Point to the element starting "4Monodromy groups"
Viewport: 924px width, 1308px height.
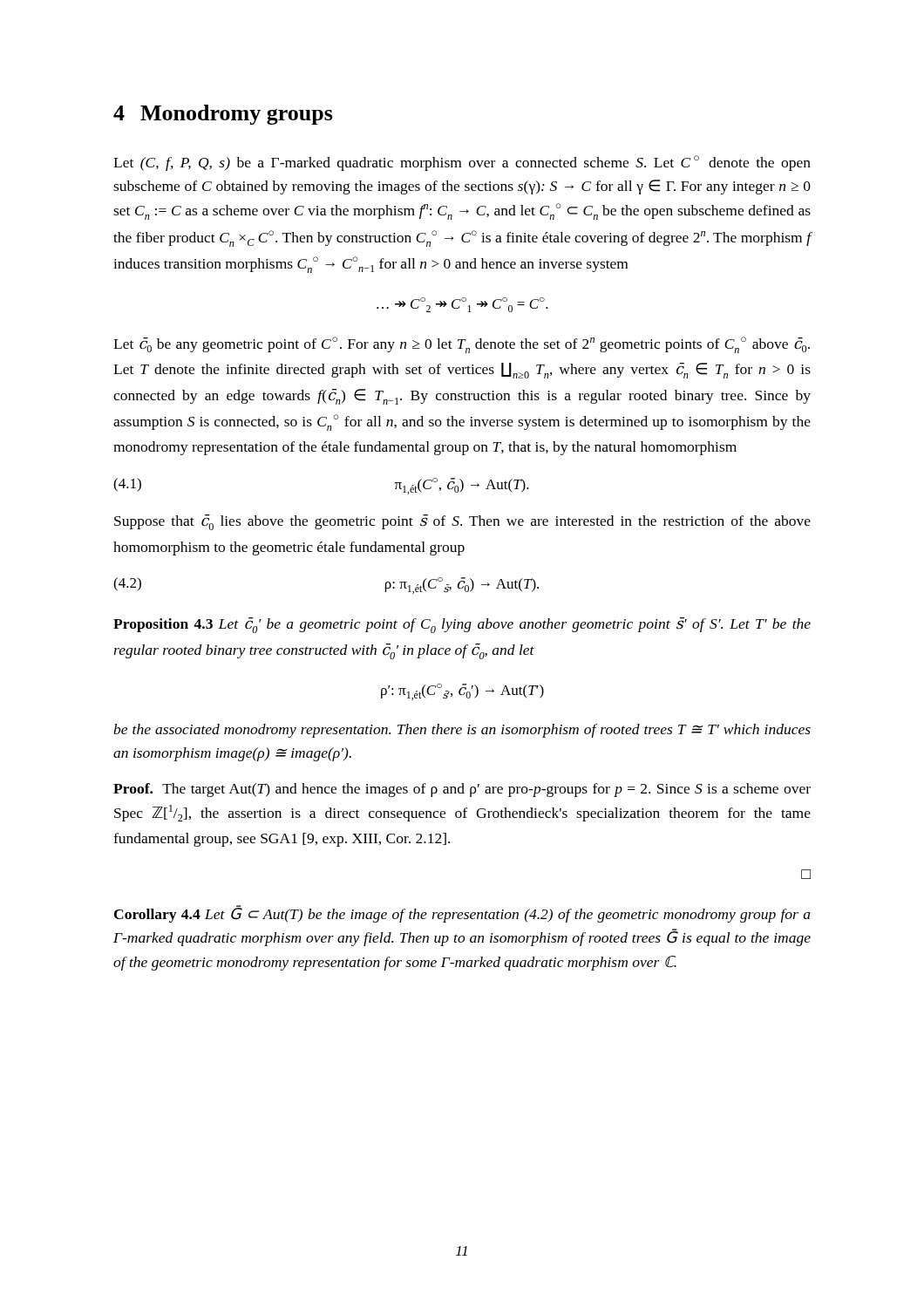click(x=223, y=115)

━━━

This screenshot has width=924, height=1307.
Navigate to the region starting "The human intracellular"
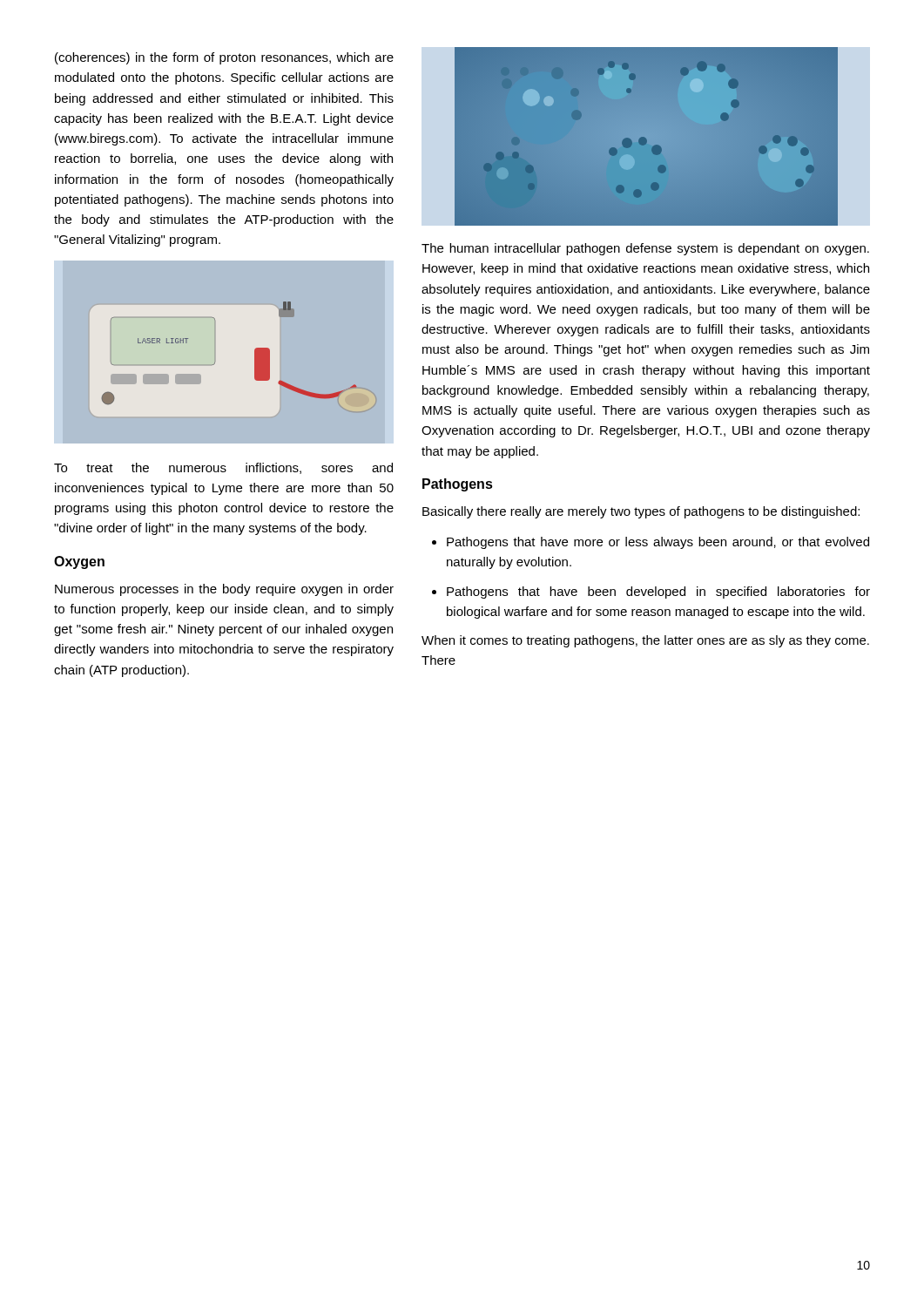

━━━

» **Work order**:
If a line of the entries above holds the word "starting", count it; report only how many such lines there are.

» **Exercise solution**:
2